RECORDED DATA: Begin

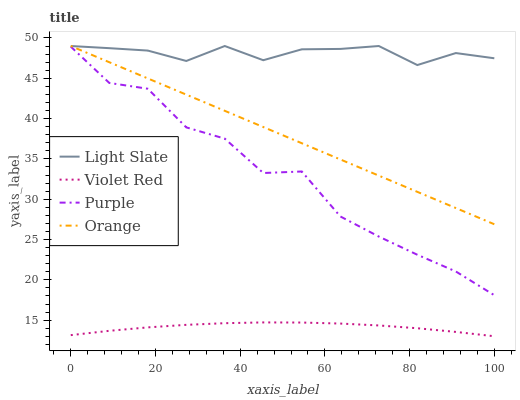Does Violet Red have the minimum area under the curve?
Answer yes or no. Yes. Does Light Slate have the maximum area under the curve?
Answer yes or no. Yes. Does Purple have the minimum area under the curve?
Answer yes or no. No. Does Purple have the maximum area under the curve?
Answer yes or no. No. Is Orange the smoothest?
Answer yes or no. Yes. Is Purple the roughest?
Answer yes or no. Yes. Is Violet Red the smoothest?
Answer yes or no. No. Is Violet Red the roughest?
Answer yes or no. No. Does Violet Red have the lowest value?
Answer yes or no. Yes. Does Purple have the lowest value?
Answer yes or no. No. Does Orange have the highest value?
Answer yes or no. Yes. Does Purple have the highest value?
Answer yes or no. No. Is Violet Red less than Orange?
Answer yes or no. Yes. Is Orange greater than Purple?
Answer yes or no. Yes. Does Light Slate intersect Orange?
Answer yes or no. Yes. Is Light Slate less than Orange?
Answer yes or no. No. Is Light Slate greater than Orange?
Answer yes or no. No. Does Violet Red intersect Orange?
Answer yes or no. No.

RECORDED DATA: End

ASSIGNMENT: Take the lines from the one containing "Answer yes or no. No. Is Violet Red less" to the last line of the material above and write them out exactly.

RESPONSE BELOW:
Answer yes or no. No. Is Violet Red less than Orange?
Answer yes or no. Yes. Is Orange greater than Purple?
Answer yes or no. Yes. Does Light Slate intersect Orange?
Answer yes or no. Yes. Is Light Slate less than Orange?
Answer yes or no. No. Is Light Slate greater than Orange?
Answer yes or no. No. Does Violet Red intersect Orange?
Answer yes or no. No.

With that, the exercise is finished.